All of us, the young and adults, must have recourse to Christ, the eternally
young, Christ the conqueror of every expression of death, Christ who rose again
for ever, Christ who communicates in the Holy Spirit the continuous,
irrepressible life of the Father; we must do so in order to found and ensure the
hope of tomorrow, which you will build, but which is already potentially present
today. Christ Jesus must conquer; whenever his grace defeats in us the forces of
evil, he renews our youth, widens the horizons of our hope, and strengthens the
energies of our confidence.
Christ's victory in our hearts calls for the exercise of the virtue of
fortitude, the third cardinal virtue, which is the subject chosen for the
General Audience today.
This virtue, which enables us to face dangers and bear adversity—as St Thomas
Aquinas states—permits man to fight courageously, to "agere contra" for the
ideals of justice, honesty and peace, by which you feel deeply attracted. It is
not possible to think of constructing a new world without being strong and
courageous in overcoming the false ideas of fashion, the world's principles of
violence, the promptings of evil.
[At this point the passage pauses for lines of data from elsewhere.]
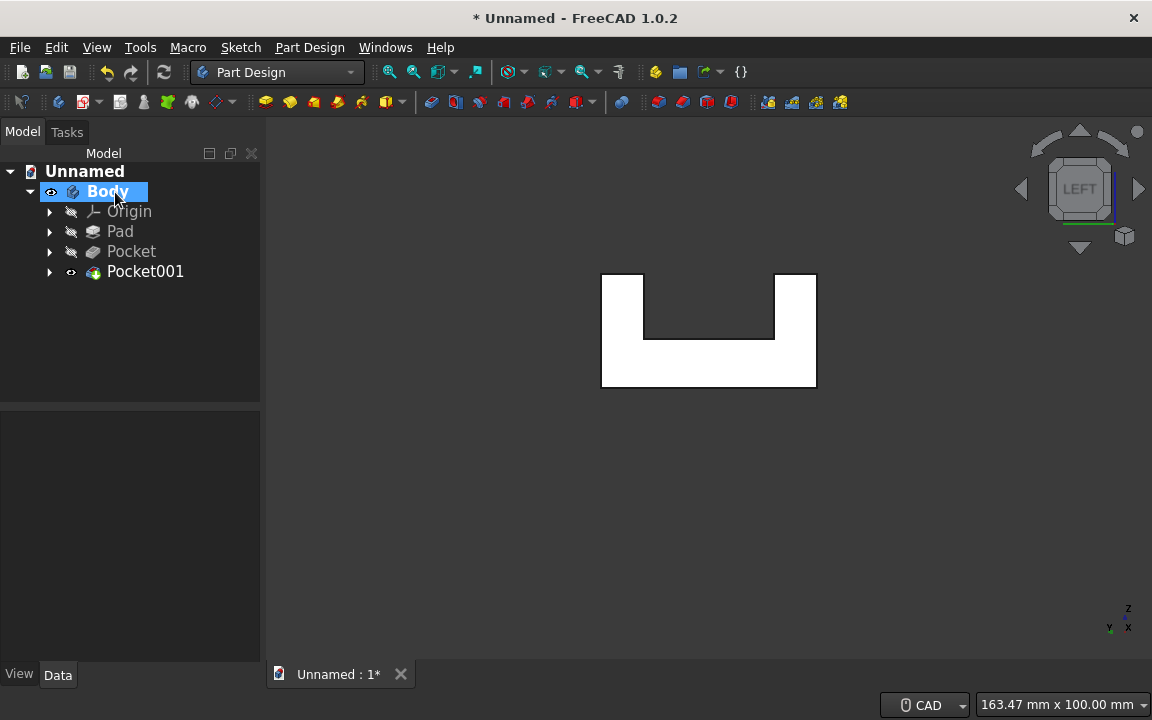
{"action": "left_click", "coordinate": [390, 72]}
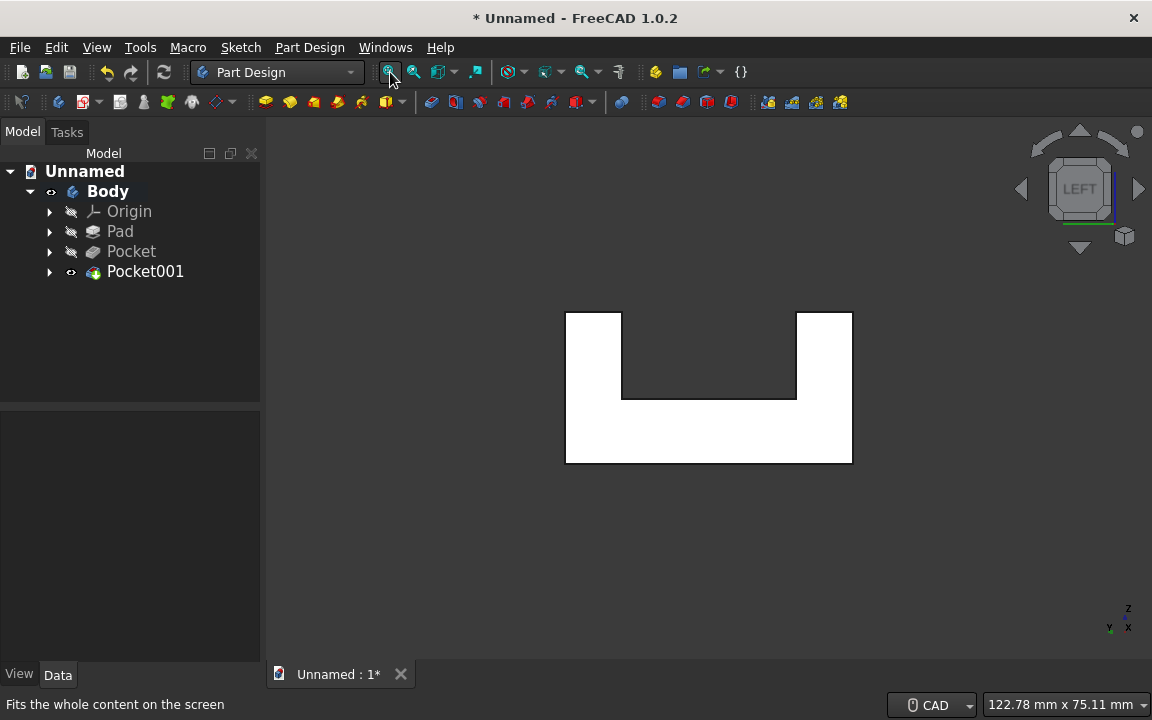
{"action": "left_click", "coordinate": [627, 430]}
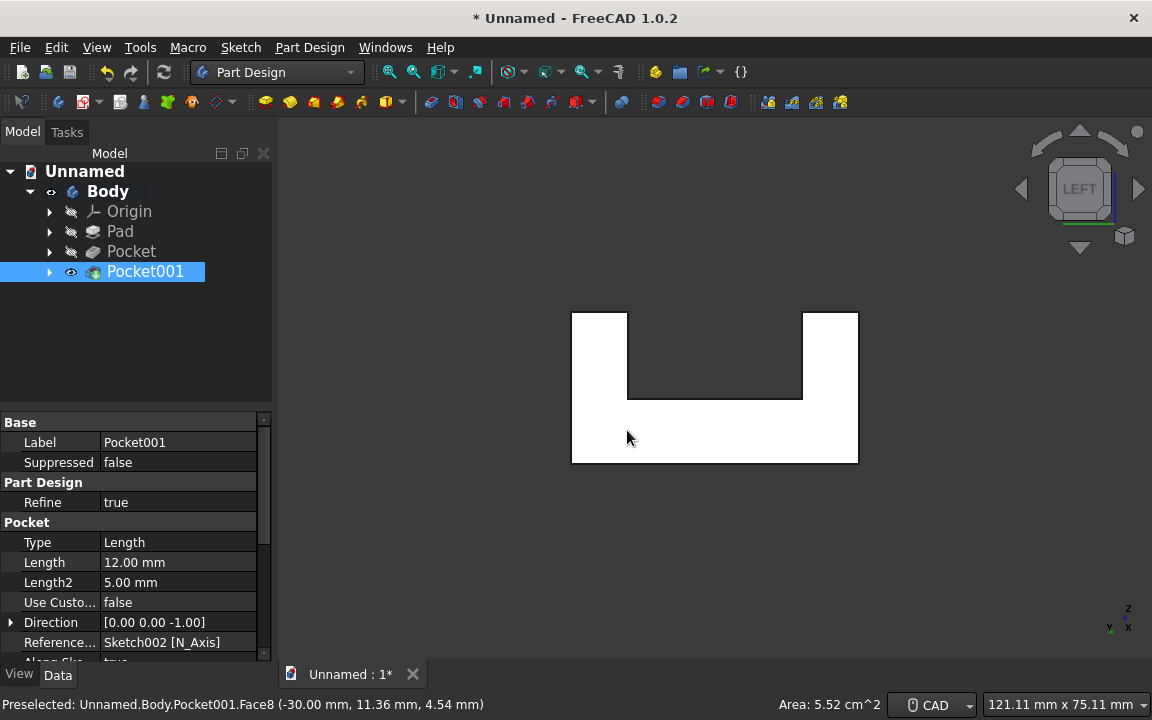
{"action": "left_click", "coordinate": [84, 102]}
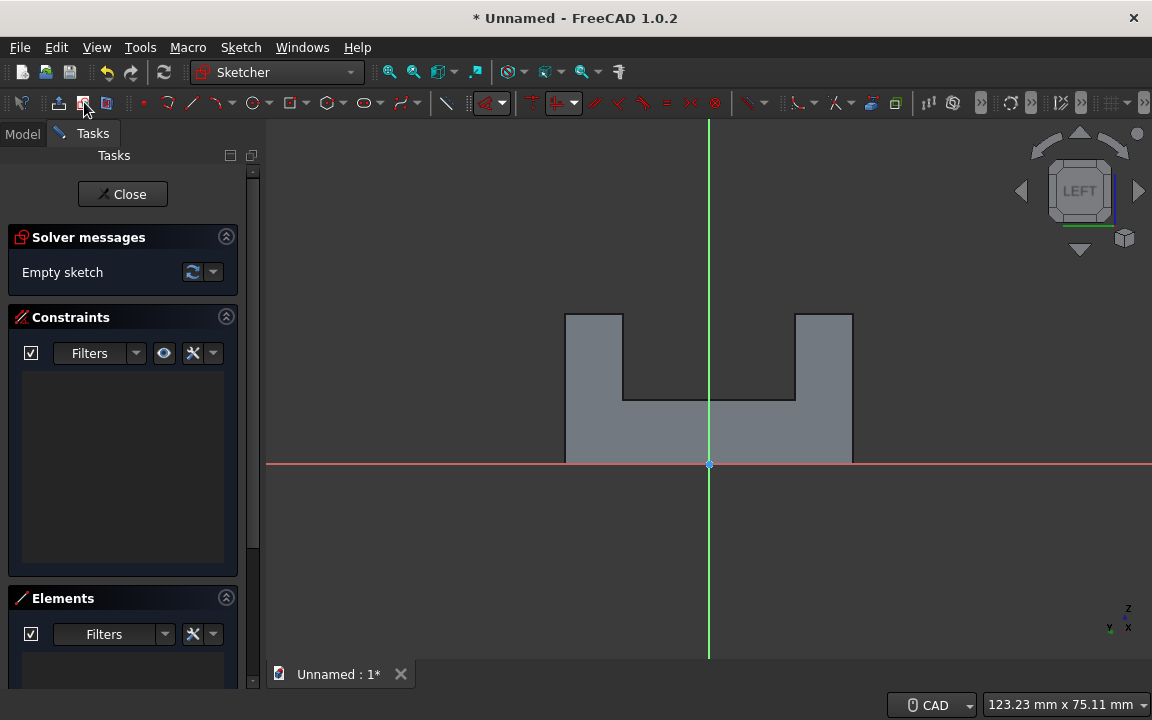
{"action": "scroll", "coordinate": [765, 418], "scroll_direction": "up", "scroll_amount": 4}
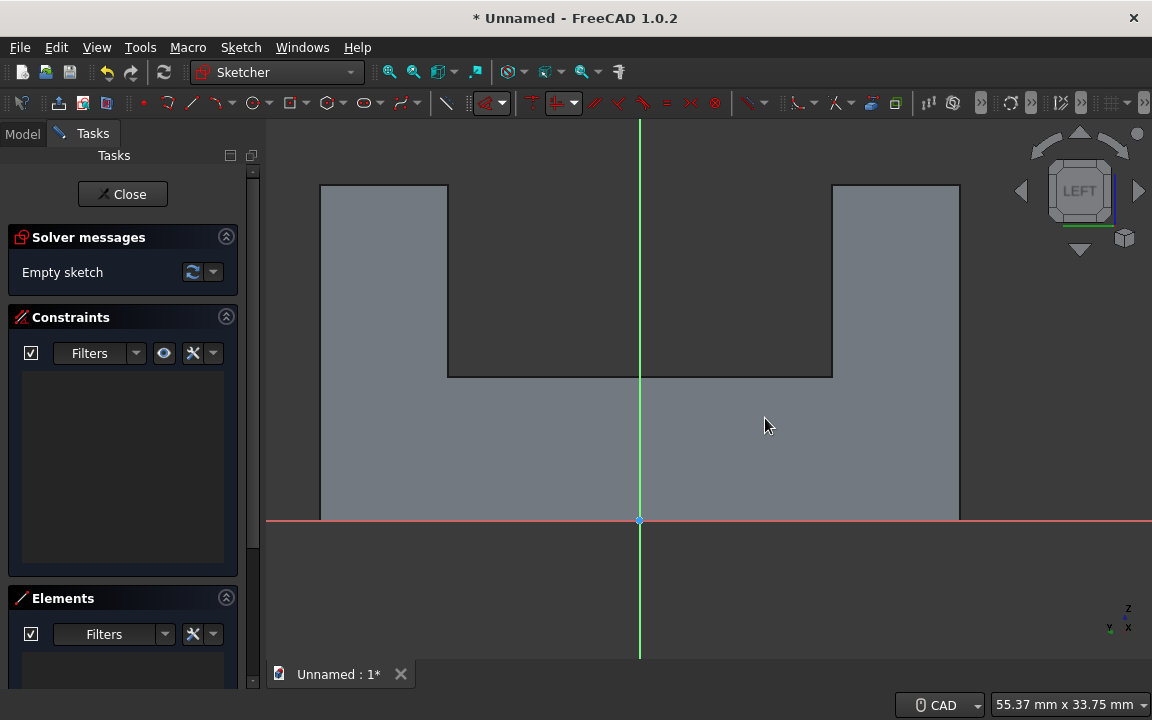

All that requires us to go beyond the barriers
of fear in order to bear witness to Christ and offer at the same time—the two
realities are superimposed on each other—an image of the true man, who expresses
himself only in love, in the gift of himself.
I wish to point out to you, too, the example of fortitude of a young
eighteen-year-old, St. Stanislaus Kostka, the patron saint of the young, who, to
follow his vocation to the religious state, though of a frail constitution and
sensitive nature, faced the opposition of his circle, fled from the pursuit of
his relatives, and travelled on foot, secretly, from Vienna to Rome, in order to
enter the novitiate of the Jesuits and thus answer the Lord's call. His tomb, in
the church of S. Andrea al Quirinale, is the goal of pious visits of hosts of
young people, especially during this month.
You see, dear young people, to follow Christ, to build up the man in
yourselves and to strive to help others to do so, entails courageous resolutions
and the tenacious strength to put them into practice, sustaining one another
also with forms of association, which make it possible to unite your efforts,
deepen your convictions mutually, and encourage one another with reciprocal and
loving help.
Entrust yourselves to the grace of the Lord who cries within us and for us:
courage!
Victory over the world will be Christ's. Do you want to take his side and
face with him this battle of love, animated by invincible hope and courageous
fortitude?
You will not be alone; the Pope is with you. He loves you and bless you.